其余四人不约而同地把目光放到了田鼠的脸上,田鼠的脸色也变得有些阴晴不定起来。
室内,一片静默。
听秦玮俊说到这里,姜福生有些不乐意了:“有没有搞错啊少爷?你是谁啊?你是猛虎特种大队的大队长,是让越共闻风丧胆的大英雄,是堂堂秦家的二少爷,是秦家现任掌门人,是整个秦系的掌舵者,无论拉出哪一个身份,都能把那些想杀你的王八犊子吓尿了,干嘛对他们这么低声下气的?他们值得你如此降低自己的身份吗?”
秦玮俊的目光变得有些迷离了起来:“那是因为,在我的眼里,他们都是我的战友。那时候的我,不是什么队长,也不是什么掌门人,只是一个普普通通的、犯了错误想让战友们体谅并认可的普通战士。
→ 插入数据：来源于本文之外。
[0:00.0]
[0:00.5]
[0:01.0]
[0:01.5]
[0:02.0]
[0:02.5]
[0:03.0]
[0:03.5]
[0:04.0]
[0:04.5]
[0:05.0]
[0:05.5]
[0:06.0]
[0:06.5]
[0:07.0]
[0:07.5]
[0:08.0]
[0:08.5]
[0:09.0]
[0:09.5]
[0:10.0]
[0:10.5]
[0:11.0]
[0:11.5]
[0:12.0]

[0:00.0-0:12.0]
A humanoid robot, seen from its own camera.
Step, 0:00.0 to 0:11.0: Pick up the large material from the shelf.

无论我们跟龙系之间的斗争有多么严酷,我始终记得爷爷曾经告诉过我的一句话:我是中国人,他们也是中国人,除非是他们真的犯下了十恶不赦的大罪,我们在争权夺利的过程中,都不能伤害他人的性命;我还记得:我是一名军人,他们也是军人,我就是再嗜血,再嗜杀,也不愿把屠刀举到自己战友的头上。”
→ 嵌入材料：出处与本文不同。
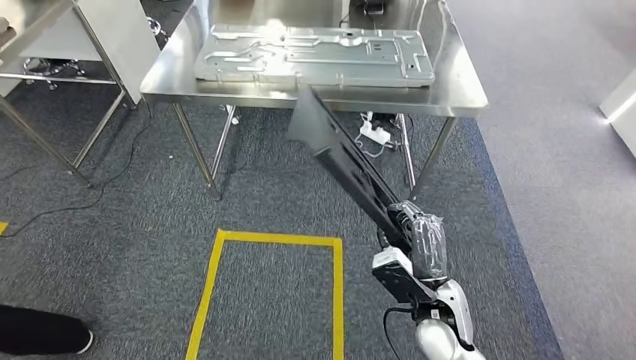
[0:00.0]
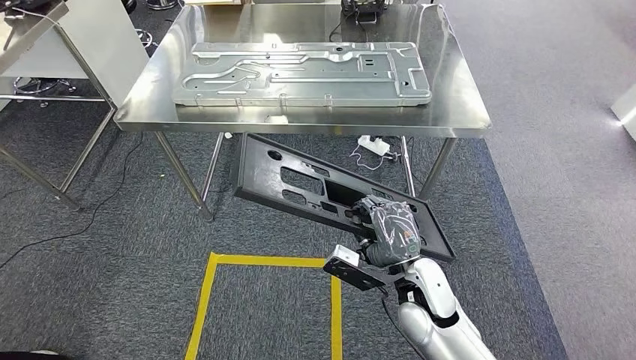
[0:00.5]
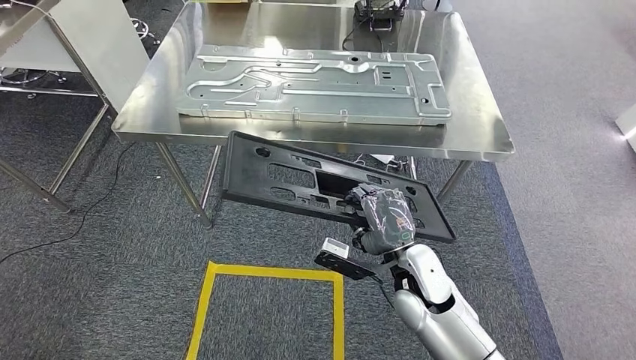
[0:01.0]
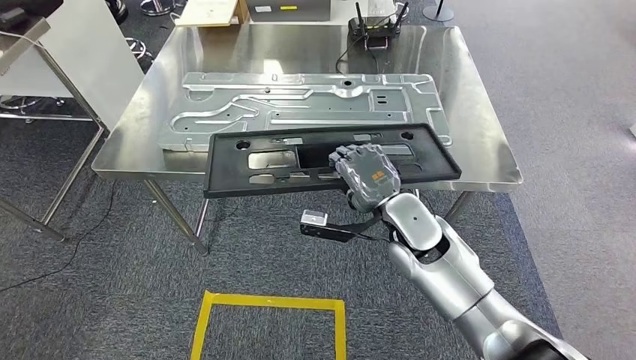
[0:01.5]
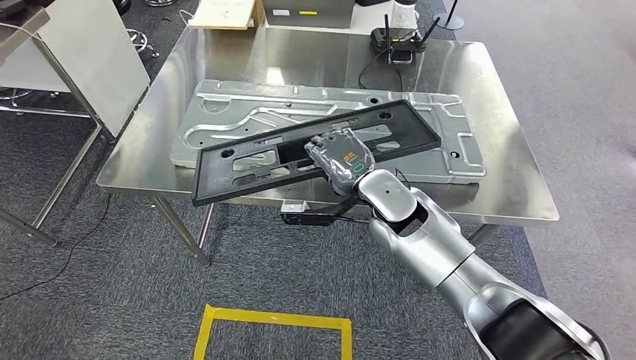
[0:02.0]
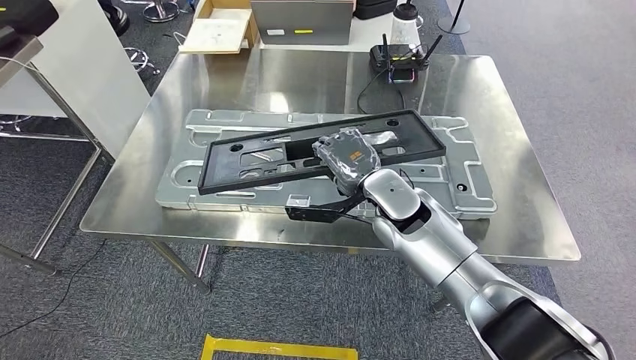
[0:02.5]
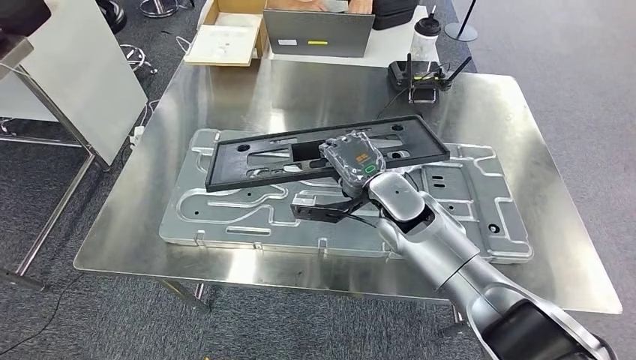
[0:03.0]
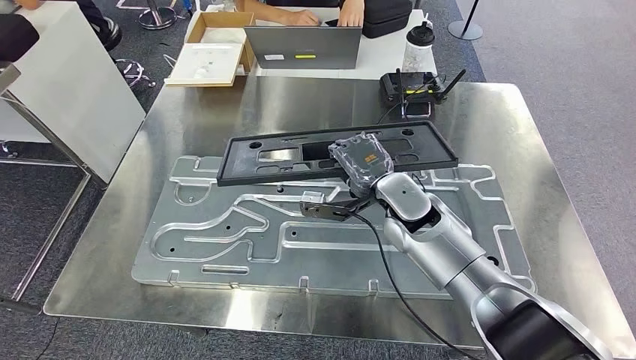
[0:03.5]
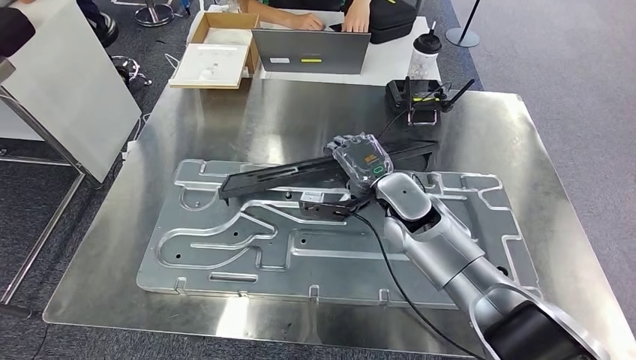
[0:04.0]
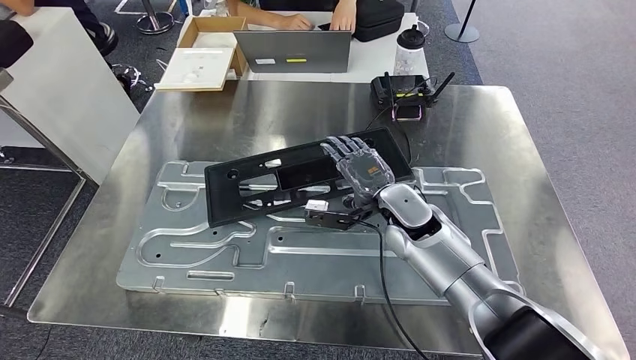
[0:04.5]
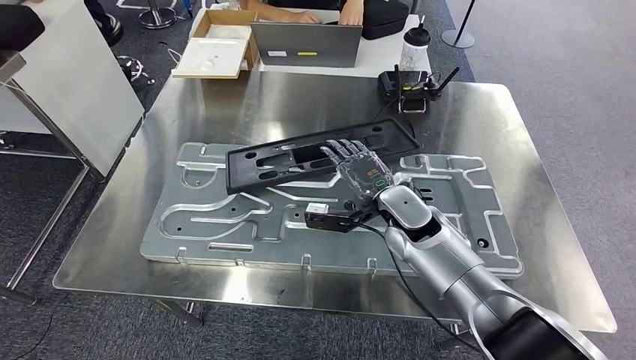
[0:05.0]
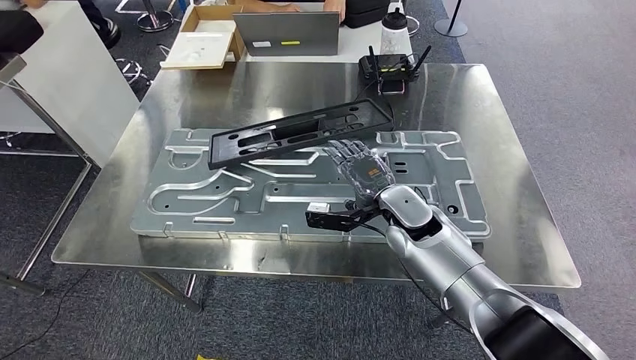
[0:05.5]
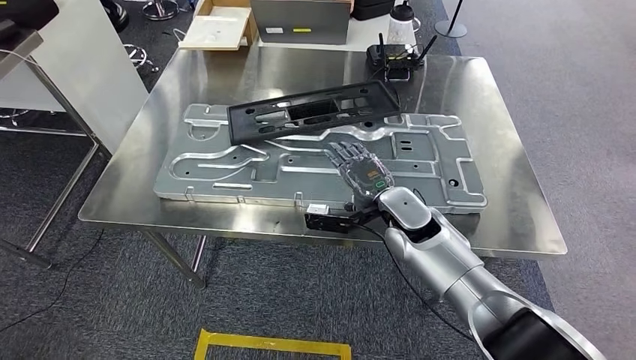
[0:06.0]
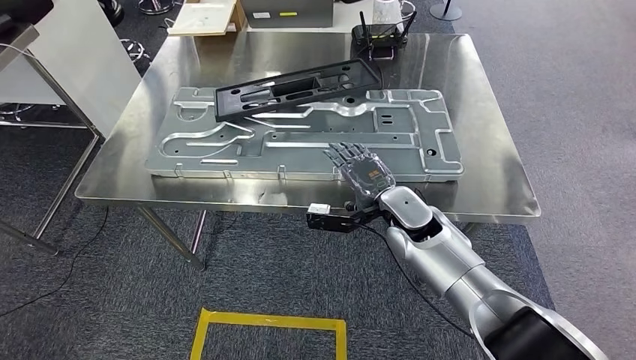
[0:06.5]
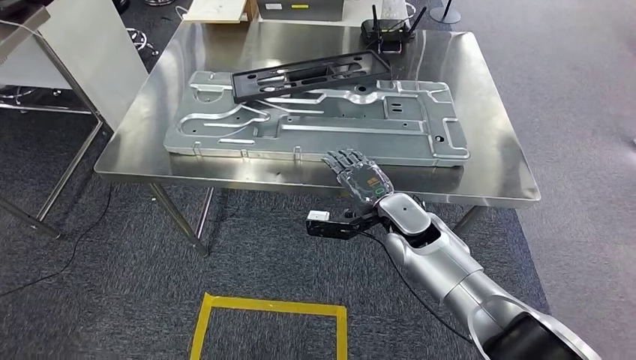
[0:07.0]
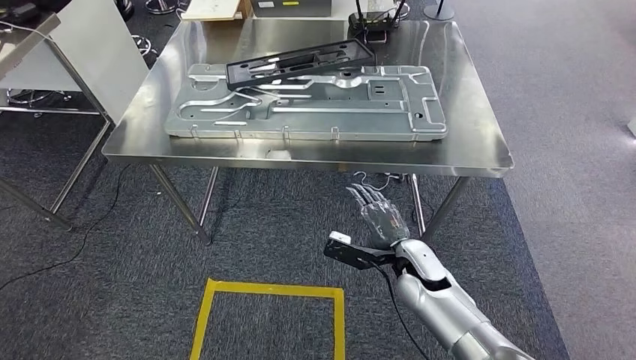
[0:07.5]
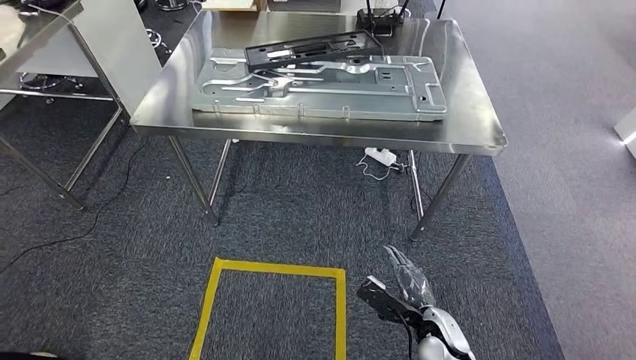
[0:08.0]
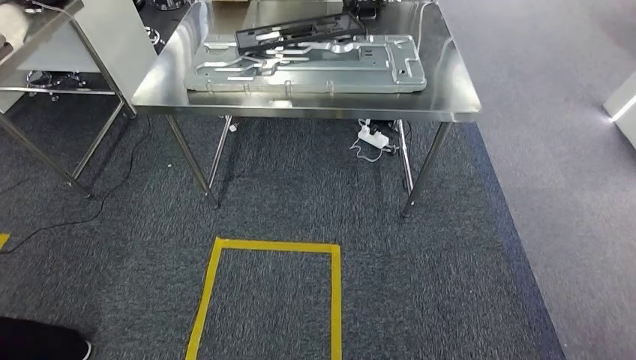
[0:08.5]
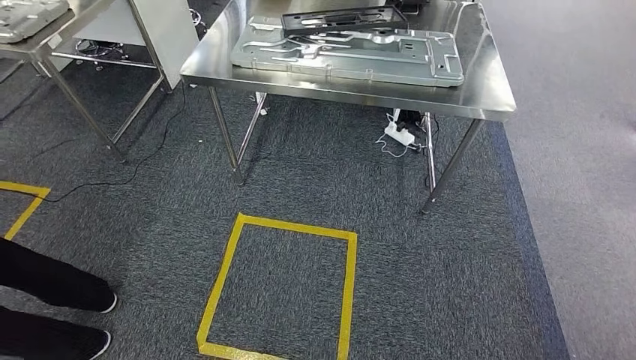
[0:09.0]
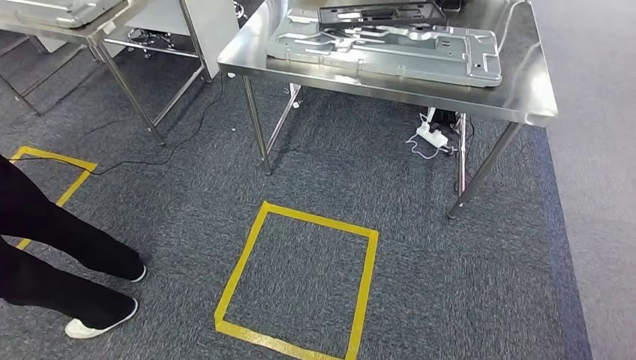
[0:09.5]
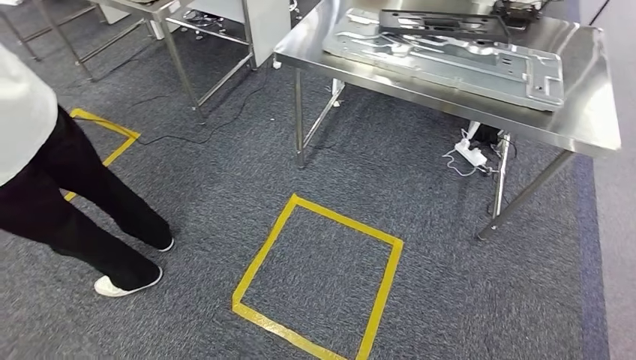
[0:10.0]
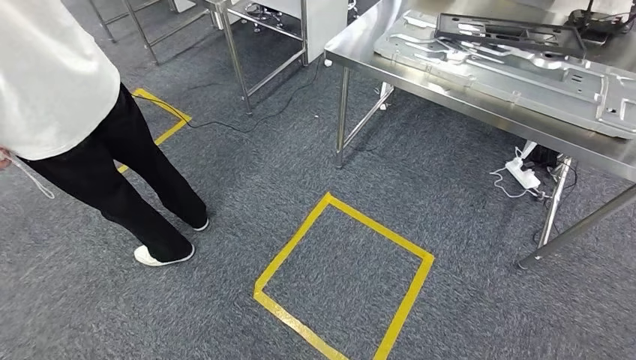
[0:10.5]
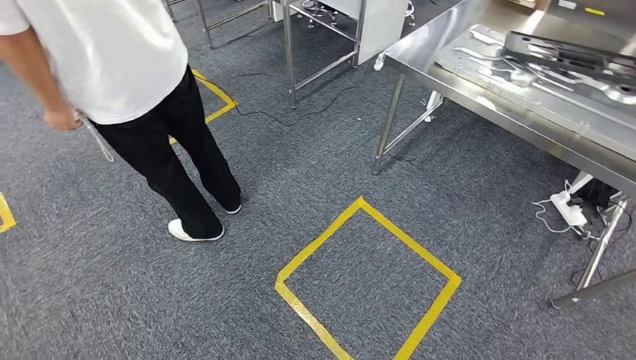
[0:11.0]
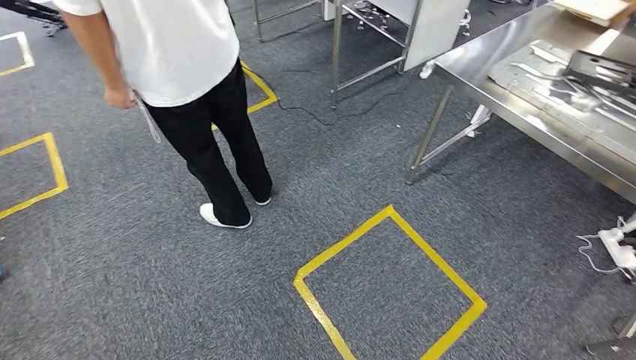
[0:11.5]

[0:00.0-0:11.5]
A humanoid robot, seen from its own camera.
Step, 0:01.5 to 0:08.5: Insert the large material into the corresponding slot on the workbench.

姜福生沉默片刻:“确实。我们也一直是这么做的,龙系也一直是这么做的。可是现在不同了,龙擎天想借越共之手、军委之刀害你性命,是他坏了这个规则,越共、龙系杀手、我们的战友。”姜福生感慨地摇了摇头,“可怜的少爷,你这半个月,过得可真是如履薄冰啊。然后呢?那田鼠怎么说?”